The accepted answer is an excellent response, however, the only biblical basis for prohibition of instruments is the "silence of the scriptures" argument. The argument states that if the Bible is absolutely silent on a given action, then that action is prohibited. Note that for many who use the argument, any concept of "permissive silence" is not silence at all, rather such actions are considered a necessary inference under an explicitly approved generic action.

For example, the Bible does not speak explicitly about traveling via car or airplane to "preach the gospel to every creature." It merely says "go." So "go" would be the explicit, generic action under which "drive car" or "fly airplane" could be implied/necessarily inferred. This is not the same as "silence" with this particular line of argumentation. The Bible does speak on these matters, just not explicitly.

Now, back to the topic of instrumental music.
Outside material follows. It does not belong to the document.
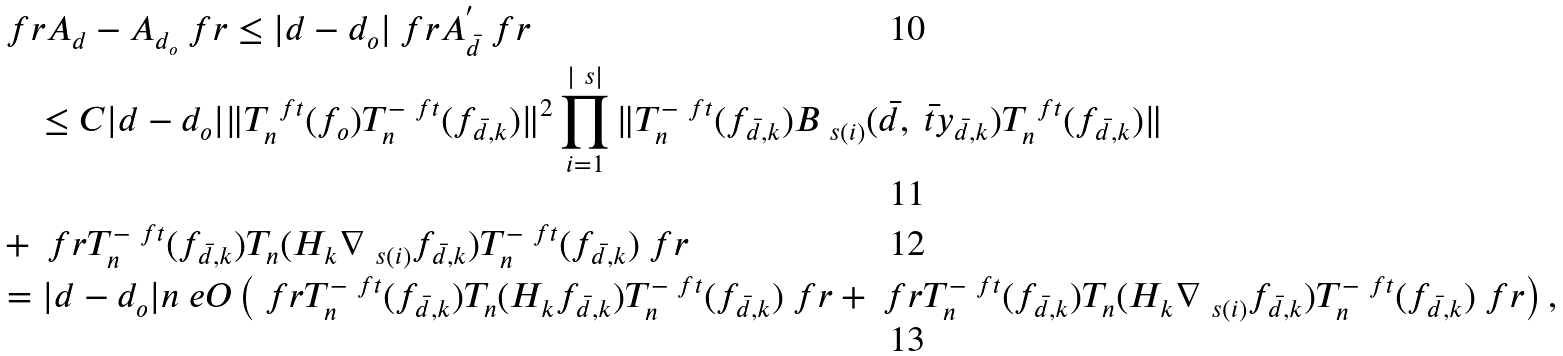Convert formula to latex. <formula><loc_0><loc_0><loc_500><loc_500>& \ f r A _ { d } - A _ { d _ { o } } \ f r \leq | d - d _ { o } | \ f r A _ { \bar { d } } ^ { ^ { \prime } } \ f r \\ & \quad \leq C | d - d _ { o } | \| T _ { n } ^ { \ f t } ( f _ { o } ) T _ { n } ^ { - \ f t } ( f _ { \bar { d } , k } ) \| ^ { 2 } \prod _ { i = 1 } ^ { | \ s | } \| T _ { n } ^ { - \ f t } ( f _ { \bar { d } , k } ) B _ { \ s ( i ) } ( \bar { d } , \bar { \ t y } _ { \bar { d } , k } ) T _ { n } ^ { \ f t } ( f _ { \bar { d } , k } ) \| \\ & + \ f r T _ { n } ^ { - \ f t } ( f _ { \bar { d } , k } ) T _ { n } ( H _ { k } \nabla _ { \ s ( i ) } f _ { \bar { d } , k } ) T _ { n } ^ { - \ f t } ( f _ { \bar { d } , k } ) \ f r \\ & = | d - d _ { o } | n ^ { \ } e O \left ( \ f r T _ { n } ^ { - \ f t } ( f _ { \bar { d } , k } ) T _ { n } ( H _ { k } f _ { \bar { d } , k } ) T _ { n } ^ { - \ f t } ( f _ { \bar { d } , k } ) \ f r + \ f r T _ { n } ^ { - \ f t } ( f _ { \bar { d } , k } ) T _ { n } ( H _ { k } \nabla _ { \ s ( i ) } f _ { \bar { d } , k } ) T _ { n } ^ { - \ f t } ( f _ { \bar { d } , k } ) \ f r \right ) ,</formula> 
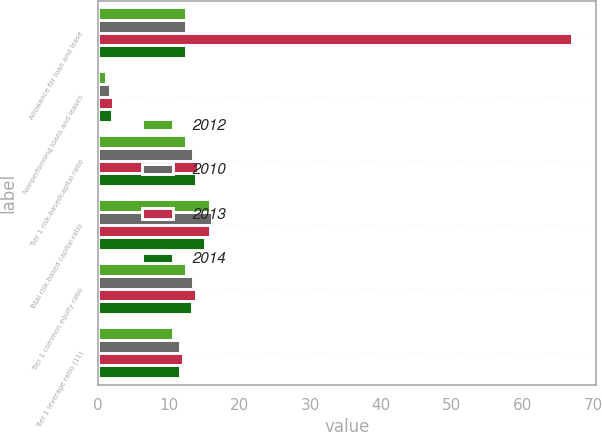Convert chart to OTSL. <chart><loc_0><loc_0><loc_500><loc_500><stacked_bar_chart><ecel><fcel>Allowance for loan and lease<fcel>Nonperforming loans and leases<fcel>Tier 1 risk-basedcapital ratio<fcel>Total risk-based capital ratio<fcel>Tier 1 common equity ratio<fcel>Tier 1 leverage ratio (11)<nl><fcel>2012<fcel>12.4<fcel>1.18<fcel>12.4<fcel>15.8<fcel>12.4<fcel>10.6<nl><fcel>2010<fcel>12.4<fcel>1.65<fcel>13.5<fcel>16.1<fcel>13.5<fcel>11.6<nl><fcel>2013<fcel>67<fcel>2.14<fcel>14.2<fcel>15.8<fcel>13.9<fcel>12.1<nl><fcel>2014<fcel>12.4<fcel>2.06<fcel>13.9<fcel>15.1<fcel>13.3<fcel>11.6<nl></chart>

If the Bible, or rather, New Testament, says absolutely nothing about instrumental music, then it is prohibited (per the argument). So then the biblical basis of whether or not instrumental music is prohibited hinges on whether or not the New Testament says absolutely nothing about it.

So is there absolute silence on the topic? I don't think so. For one, I could argue that singing is a generic action under which optional instrumental accompaniment is implied, and therefore permissible.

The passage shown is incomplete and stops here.